To accomplish this task we developed AnnoMiner, a web based tool to perform TF-enrichment analysis. With a click, you can directly send the genes of interest from mitoXplorer to Annominer and perform the analysis.
Network Analysis
Our second integrative functions allows you to perform network analysis, embedding the mitochondrial interactome into the cellular interactome and finding potential active pathways. We store the entire cellular interactome in our database for this purpose. What you need in addition is a dataset, which has been uploaded – or is available – on mitoXplorer. We use the viPEr algorithm (Garmhausen et al., https://doi.org/10.1186/s12864-015-2017-z) for active subnetwork extraction surrounding a single mito-gene, which you can select from comparative plots, heatmap or time-course visualization.
Upload data
You can upload and visualise your own expression (and mutation) data on mitoXplorer.
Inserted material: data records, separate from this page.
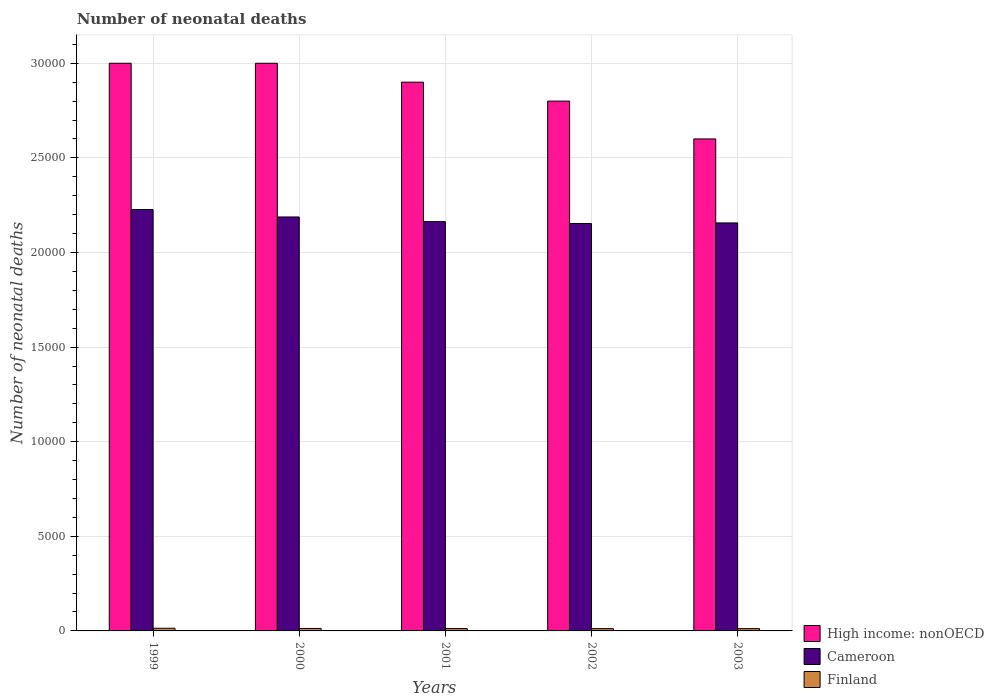How many different coloured bars are there?
Provide a short and direct response. 3. How many groups of bars are there?
Provide a succinct answer. 5. Are the number of bars on each tick of the X-axis equal?
Make the answer very short. Yes. How many bars are there on the 4th tick from the right?
Your answer should be compact. 3. What is the number of neonatal deaths in in Cameroon in 2002?
Ensure brevity in your answer.  2.15e+04. Across all years, what is the maximum number of neonatal deaths in in High income: nonOECD?
Offer a terse response. 3.00e+04. Across all years, what is the minimum number of neonatal deaths in in Finland?
Offer a terse response. 121. In which year was the number of neonatal deaths in in Finland minimum?
Your response must be concise. 2002. What is the total number of neonatal deaths in in Finland in the graph?
Your answer should be compact. 637. What is the difference between the number of neonatal deaths in in Finland in 2000 and that in 2002?
Your answer should be compact. 9. What is the difference between the number of neonatal deaths in in Cameroon in 2000 and the number of neonatal deaths in in Finland in 2001?
Your response must be concise. 2.18e+04. What is the average number of neonatal deaths in in High income: nonOECD per year?
Keep it short and to the point. 2.86e+04. In the year 2001, what is the difference between the number of neonatal deaths in in High income: nonOECD and number of neonatal deaths in in Cameroon?
Provide a succinct answer. 7370. In how many years, is the number of neonatal deaths in in Finland greater than 24000?
Offer a very short reply. 0. What is the ratio of the number of neonatal deaths in in Cameroon in 2001 to that in 2003?
Your response must be concise. 1. What is the difference between the highest and the second highest number of neonatal deaths in in Finland?
Your response must be concise. 11. What is the difference between the highest and the lowest number of neonatal deaths in in Cameroon?
Your answer should be very brief. 738. In how many years, is the number of neonatal deaths in in Cameroon greater than the average number of neonatal deaths in in Cameroon taken over all years?
Ensure brevity in your answer.  2. Is the sum of the number of neonatal deaths in in High income: nonOECD in 2000 and 2003 greater than the maximum number of neonatal deaths in in Cameroon across all years?
Provide a short and direct response. Yes. What does the 1st bar from the left in 1999 represents?
Ensure brevity in your answer.  High income: nonOECD. What does the 2nd bar from the right in 1999 represents?
Ensure brevity in your answer.  Cameroon. Is it the case that in every year, the sum of the number of neonatal deaths in in Finland and number of neonatal deaths in in High income: nonOECD is greater than the number of neonatal deaths in in Cameroon?
Make the answer very short. Yes. How many bars are there?
Your answer should be compact. 15. Are all the bars in the graph horizontal?
Offer a very short reply. No. How many years are there in the graph?
Provide a short and direct response. 5. Where does the legend appear in the graph?
Make the answer very short. Bottom right. How many legend labels are there?
Offer a terse response. 3. How are the legend labels stacked?
Your response must be concise. Vertical. What is the title of the graph?
Your answer should be compact. Number of neonatal deaths. What is the label or title of the Y-axis?
Give a very brief answer. Number of neonatal deaths. What is the Number of neonatal deaths in High income: nonOECD in 1999?
Your answer should be very brief. 3.00e+04. What is the Number of neonatal deaths in Cameroon in 1999?
Offer a terse response. 2.23e+04. What is the Number of neonatal deaths in Finland in 1999?
Keep it short and to the point. 141. What is the Number of neonatal deaths of High income: nonOECD in 2000?
Ensure brevity in your answer.  3.00e+04. What is the Number of neonatal deaths in Cameroon in 2000?
Provide a succinct answer. 2.19e+04. What is the Number of neonatal deaths in Finland in 2000?
Ensure brevity in your answer.  130. What is the Number of neonatal deaths in High income: nonOECD in 2001?
Provide a short and direct response. 2.90e+04. What is the Number of neonatal deaths in Cameroon in 2001?
Provide a short and direct response. 2.16e+04. What is the Number of neonatal deaths in Finland in 2001?
Ensure brevity in your answer.  124. What is the Number of neonatal deaths in High income: nonOECD in 2002?
Provide a short and direct response. 2.80e+04. What is the Number of neonatal deaths in Cameroon in 2002?
Ensure brevity in your answer.  2.15e+04. What is the Number of neonatal deaths in Finland in 2002?
Keep it short and to the point. 121. What is the Number of neonatal deaths of High income: nonOECD in 2003?
Make the answer very short. 2.60e+04. What is the Number of neonatal deaths of Cameroon in 2003?
Offer a terse response. 2.16e+04. What is the Number of neonatal deaths in Finland in 2003?
Give a very brief answer. 121. Across all years, what is the maximum Number of neonatal deaths in High income: nonOECD?
Ensure brevity in your answer.  3.00e+04. Across all years, what is the maximum Number of neonatal deaths in Cameroon?
Keep it short and to the point. 2.23e+04. Across all years, what is the maximum Number of neonatal deaths of Finland?
Keep it short and to the point. 141. Across all years, what is the minimum Number of neonatal deaths in High income: nonOECD?
Offer a terse response. 2.60e+04. Across all years, what is the minimum Number of neonatal deaths in Cameroon?
Provide a succinct answer. 2.15e+04. Across all years, what is the minimum Number of neonatal deaths of Finland?
Your answer should be compact. 121. What is the total Number of neonatal deaths in High income: nonOECD in the graph?
Your answer should be compact. 1.43e+05. What is the total Number of neonatal deaths of Cameroon in the graph?
Give a very brief answer. 1.09e+05. What is the total Number of neonatal deaths in Finland in the graph?
Ensure brevity in your answer.  637. What is the difference between the Number of neonatal deaths of Cameroon in 1999 and that in 2000?
Your answer should be very brief. 394. What is the difference between the Number of neonatal deaths in Finland in 1999 and that in 2000?
Offer a terse response. 11. What is the difference between the Number of neonatal deaths in High income: nonOECD in 1999 and that in 2001?
Ensure brevity in your answer.  1000. What is the difference between the Number of neonatal deaths in Cameroon in 1999 and that in 2001?
Your response must be concise. 640. What is the difference between the Number of neonatal deaths of Finland in 1999 and that in 2001?
Your answer should be compact. 17. What is the difference between the Number of neonatal deaths of High income: nonOECD in 1999 and that in 2002?
Your answer should be compact. 2000. What is the difference between the Number of neonatal deaths in Cameroon in 1999 and that in 2002?
Your answer should be very brief. 738. What is the difference between the Number of neonatal deaths in Finland in 1999 and that in 2002?
Your answer should be very brief. 20. What is the difference between the Number of neonatal deaths in High income: nonOECD in 1999 and that in 2003?
Provide a short and direct response. 4000. What is the difference between the Number of neonatal deaths in Cameroon in 1999 and that in 2003?
Offer a very short reply. 708. What is the difference between the Number of neonatal deaths in Finland in 1999 and that in 2003?
Provide a short and direct response. 20. What is the difference between the Number of neonatal deaths in High income: nonOECD in 2000 and that in 2001?
Ensure brevity in your answer.  1000. What is the difference between the Number of neonatal deaths of Cameroon in 2000 and that in 2001?
Keep it short and to the point. 246. What is the difference between the Number of neonatal deaths in Finland in 2000 and that in 2001?
Make the answer very short. 6. What is the difference between the Number of neonatal deaths of Cameroon in 2000 and that in 2002?
Offer a very short reply. 344. What is the difference between the Number of neonatal deaths of High income: nonOECD in 2000 and that in 2003?
Provide a short and direct response. 4000. What is the difference between the Number of neonatal deaths of Cameroon in 2000 and that in 2003?
Provide a short and direct response. 314. What is the difference between the Number of neonatal deaths of Finland in 2001 and that in 2002?
Your answer should be very brief. 3. What is the difference between the Number of neonatal deaths of High income: nonOECD in 2001 and that in 2003?
Make the answer very short. 3000. What is the difference between the Number of neonatal deaths of Cameroon in 2001 and that in 2003?
Your answer should be very brief. 68. What is the difference between the Number of neonatal deaths in Finland in 2001 and that in 2003?
Give a very brief answer. 3. What is the difference between the Number of neonatal deaths in High income: nonOECD in 2002 and that in 2003?
Your response must be concise. 2000. What is the difference between the Number of neonatal deaths in Cameroon in 2002 and that in 2003?
Your answer should be compact. -30. What is the difference between the Number of neonatal deaths in Finland in 2002 and that in 2003?
Make the answer very short. 0. What is the difference between the Number of neonatal deaths of High income: nonOECD in 1999 and the Number of neonatal deaths of Cameroon in 2000?
Provide a succinct answer. 8124. What is the difference between the Number of neonatal deaths of High income: nonOECD in 1999 and the Number of neonatal deaths of Finland in 2000?
Your answer should be very brief. 2.99e+04. What is the difference between the Number of neonatal deaths in Cameroon in 1999 and the Number of neonatal deaths in Finland in 2000?
Your answer should be very brief. 2.21e+04. What is the difference between the Number of neonatal deaths in High income: nonOECD in 1999 and the Number of neonatal deaths in Cameroon in 2001?
Offer a very short reply. 8370. What is the difference between the Number of neonatal deaths of High income: nonOECD in 1999 and the Number of neonatal deaths of Finland in 2001?
Provide a succinct answer. 2.99e+04. What is the difference between the Number of neonatal deaths in Cameroon in 1999 and the Number of neonatal deaths in Finland in 2001?
Give a very brief answer. 2.21e+04. What is the difference between the Number of neonatal deaths of High income: nonOECD in 1999 and the Number of neonatal deaths of Cameroon in 2002?
Give a very brief answer. 8468. What is the difference between the Number of neonatal deaths of High income: nonOECD in 1999 and the Number of neonatal deaths of Finland in 2002?
Offer a very short reply. 2.99e+04. What is the difference between the Number of neonatal deaths of Cameroon in 1999 and the Number of neonatal deaths of Finland in 2002?
Offer a very short reply. 2.21e+04. What is the difference between the Number of neonatal deaths of High income: nonOECD in 1999 and the Number of neonatal deaths of Cameroon in 2003?
Your answer should be compact. 8438. What is the difference between the Number of neonatal deaths of High income: nonOECD in 1999 and the Number of neonatal deaths of Finland in 2003?
Your answer should be compact. 2.99e+04. What is the difference between the Number of neonatal deaths in Cameroon in 1999 and the Number of neonatal deaths in Finland in 2003?
Provide a succinct answer. 2.21e+04. What is the difference between the Number of neonatal deaths of High income: nonOECD in 2000 and the Number of neonatal deaths of Cameroon in 2001?
Your answer should be very brief. 8370. What is the difference between the Number of neonatal deaths in High income: nonOECD in 2000 and the Number of neonatal deaths in Finland in 2001?
Provide a short and direct response. 2.99e+04. What is the difference between the Number of neonatal deaths in Cameroon in 2000 and the Number of neonatal deaths in Finland in 2001?
Keep it short and to the point. 2.18e+04. What is the difference between the Number of neonatal deaths in High income: nonOECD in 2000 and the Number of neonatal deaths in Cameroon in 2002?
Offer a very short reply. 8468. What is the difference between the Number of neonatal deaths in High income: nonOECD in 2000 and the Number of neonatal deaths in Finland in 2002?
Keep it short and to the point. 2.99e+04. What is the difference between the Number of neonatal deaths in Cameroon in 2000 and the Number of neonatal deaths in Finland in 2002?
Ensure brevity in your answer.  2.18e+04. What is the difference between the Number of neonatal deaths of High income: nonOECD in 2000 and the Number of neonatal deaths of Cameroon in 2003?
Offer a very short reply. 8438. What is the difference between the Number of neonatal deaths in High income: nonOECD in 2000 and the Number of neonatal deaths in Finland in 2003?
Your answer should be compact. 2.99e+04. What is the difference between the Number of neonatal deaths of Cameroon in 2000 and the Number of neonatal deaths of Finland in 2003?
Make the answer very short. 2.18e+04. What is the difference between the Number of neonatal deaths of High income: nonOECD in 2001 and the Number of neonatal deaths of Cameroon in 2002?
Give a very brief answer. 7468. What is the difference between the Number of neonatal deaths in High income: nonOECD in 2001 and the Number of neonatal deaths in Finland in 2002?
Your response must be concise. 2.89e+04. What is the difference between the Number of neonatal deaths in Cameroon in 2001 and the Number of neonatal deaths in Finland in 2002?
Offer a terse response. 2.15e+04. What is the difference between the Number of neonatal deaths in High income: nonOECD in 2001 and the Number of neonatal deaths in Cameroon in 2003?
Offer a very short reply. 7438. What is the difference between the Number of neonatal deaths in High income: nonOECD in 2001 and the Number of neonatal deaths in Finland in 2003?
Ensure brevity in your answer.  2.89e+04. What is the difference between the Number of neonatal deaths of Cameroon in 2001 and the Number of neonatal deaths of Finland in 2003?
Your answer should be very brief. 2.15e+04. What is the difference between the Number of neonatal deaths of High income: nonOECD in 2002 and the Number of neonatal deaths of Cameroon in 2003?
Provide a short and direct response. 6438. What is the difference between the Number of neonatal deaths in High income: nonOECD in 2002 and the Number of neonatal deaths in Finland in 2003?
Your answer should be compact. 2.79e+04. What is the difference between the Number of neonatal deaths of Cameroon in 2002 and the Number of neonatal deaths of Finland in 2003?
Your response must be concise. 2.14e+04. What is the average Number of neonatal deaths in High income: nonOECD per year?
Give a very brief answer. 2.86e+04. What is the average Number of neonatal deaths of Cameroon per year?
Make the answer very short. 2.18e+04. What is the average Number of neonatal deaths in Finland per year?
Offer a very short reply. 127.4. In the year 1999, what is the difference between the Number of neonatal deaths of High income: nonOECD and Number of neonatal deaths of Cameroon?
Keep it short and to the point. 7730. In the year 1999, what is the difference between the Number of neonatal deaths of High income: nonOECD and Number of neonatal deaths of Finland?
Provide a short and direct response. 2.99e+04. In the year 1999, what is the difference between the Number of neonatal deaths of Cameroon and Number of neonatal deaths of Finland?
Make the answer very short. 2.21e+04. In the year 2000, what is the difference between the Number of neonatal deaths in High income: nonOECD and Number of neonatal deaths in Cameroon?
Make the answer very short. 8124. In the year 2000, what is the difference between the Number of neonatal deaths of High income: nonOECD and Number of neonatal deaths of Finland?
Your response must be concise. 2.99e+04. In the year 2000, what is the difference between the Number of neonatal deaths in Cameroon and Number of neonatal deaths in Finland?
Offer a terse response. 2.17e+04. In the year 2001, what is the difference between the Number of neonatal deaths in High income: nonOECD and Number of neonatal deaths in Cameroon?
Your answer should be very brief. 7370. In the year 2001, what is the difference between the Number of neonatal deaths of High income: nonOECD and Number of neonatal deaths of Finland?
Ensure brevity in your answer.  2.89e+04. In the year 2001, what is the difference between the Number of neonatal deaths of Cameroon and Number of neonatal deaths of Finland?
Ensure brevity in your answer.  2.15e+04. In the year 2002, what is the difference between the Number of neonatal deaths in High income: nonOECD and Number of neonatal deaths in Cameroon?
Give a very brief answer. 6468. In the year 2002, what is the difference between the Number of neonatal deaths of High income: nonOECD and Number of neonatal deaths of Finland?
Provide a succinct answer. 2.79e+04. In the year 2002, what is the difference between the Number of neonatal deaths in Cameroon and Number of neonatal deaths in Finland?
Give a very brief answer. 2.14e+04. In the year 2003, what is the difference between the Number of neonatal deaths of High income: nonOECD and Number of neonatal deaths of Cameroon?
Your answer should be compact. 4438. In the year 2003, what is the difference between the Number of neonatal deaths in High income: nonOECD and Number of neonatal deaths in Finland?
Provide a succinct answer. 2.59e+04. In the year 2003, what is the difference between the Number of neonatal deaths of Cameroon and Number of neonatal deaths of Finland?
Keep it short and to the point. 2.14e+04. What is the ratio of the Number of neonatal deaths of Finland in 1999 to that in 2000?
Make the answer very short. 1.08. What is the ratio of the Number of neonatal deaths of High income: nonOECD in 1999 to that in 2001?
Keep it short and to the point. 1.03. What is the ratio of the Number of neonatal deaths in Cameroon in 1999 to that in 2001?
Keep it short and to the point. 1.03. What is the ratio of the Number of neonatal deaths in Finland in 1999 to that in 2001?
Your response must be concise. 1.14. What is the ratio of the Number of neonatal deaths in High income: nonOECD in 1999 to that in 2002?
Your answer should be compact. 1.07. What is the ratio of the Number of neonatal deaths of Cameroon in 1999 to that in 2002?
Ensure brevity in your answer.  1.03. What is the ratio of the Number of neonatal deaths of Finland in 1999 to that in 2002?
Give a very brief answer. 1.17. What is the ratio of the Number of neonatal deaths in High income: nonOECD in 1999 to that in 2003?
Ensure brevity in your answer.  1.15. What is the ratio of the Number of neonatal deaths of Cameroon in 1999 to that in 2003?
Make the answer very short. 1.03. What is the ratio of the Number of neonatal deaths in Finland in 1999 to that in 2003?
Make the answer very short. 1.17. What is the ratio of the Number of neonatal deaths in High income: nonOECD in 2000 to that in 2001?
Offer a very short reply. 1.03. What is the ratio of the Number of neonatal deaths in Cameroon in 2000 to that in 2001?
Provide a short and direct response. 1.01. What is the ratio of the Number of neonatal deaths in Finland in 2000 to that in 2001?
Ensure brevity in your answer.  1.05. What is the ratio of the Number of neonatal deaths in High income: nonOECD in 2000 to that in 2002?
Ensure brevity in your answer.  1.07. What is the ratio of the Number of neonatal deaths in Cameroon in 2000 to that in 2002?
Give a very brief answer. 1.02. What is the ratio of the Number of neonatal deaths of Finland in 2000 to that in 2002?
Offer a very short reply. 1.07. What is the ratio of the Number of neonatal deaths in High income: nonOECD in 2000 to that in 2003?
Your response must be concise. 1.15. What is the ratio of the Number of neonatal deaths of Cameroon in 2000 to that in 2003?
Provide a succinct answer. 1.01. What is the ratio of the Number of neonatal deaths in Finland in 2000 to that in 2003?
Give a very brief answer. 1.07. What is the ratio of the Number of neonatal deaths of High income: nonOECD in 2001 to that in 2002?
Provide a succinct answer. 1.04. What is the ratio of the Number of neonatal deaths in Finland in 2001 to that in 2002?
Offer a very short reply. 1.02. What is the ratio of the Number of neonatal deaths of High income: nonOECD in 2001 to that in 2003?
Your answer should be very brief. 1.12. What is the ratio of the Number of neonatal deaths of Finland in 2001 to that in 2003?
Your response must be concise. 1.02. What is the ratio of the Number of neonatal deaths of High income: nonOECD in 2002 to that in 2003?
Provide a short and direct response. 1.08. What is the ratio of the Number of neonatal deaths of Cameroon in 2002 to that in 2003?
Ensure brevity in your answer.  1. What is the difference between the highest and the second highest Number of neonatal deaths in Cameroon?
Make the answer very short. 394. What is the difference between the highest and the second highest Number of neonatal deaths of Finland?
Give a very brief answer. 11. What is the difference between the highest and the lowest Number of neonatal deaths of High income: nonOECD?
Your answer should be very brief. 4000. What is the difference between the highest and the lowest Number of neonatal deaths in Cameroon?
Offer a very short reply. 738. What is the difference between the highest and the lowest Number of neonatal deaths of Finland?
Give a very brief answer. 20.

Prepare your data in the format documented on the page “UPLOAD”. mitoXplorer accepts comma or tab-separated files, as well as excel files. Save your text files in unix format, to avoid upload errors (you can use a text editor like bbedit) for this.
MitoXplorer currently accepts data from Human, Mouse, Drosophila and Budding Yeast.
Once your data is uploaded, it will appear under “My Uploads” on the page “DATABASE”.
Please go to “UPLOAD” for instructions on how to upload your data.
Your data will appear in the database pages; select the organism of your data, then ‘analysed data’ and your data will have the name ‘user_upload’. Likewise, you can access your data directly from the analysis page, where you can choose your dataset from the drop-down menu (user_upload).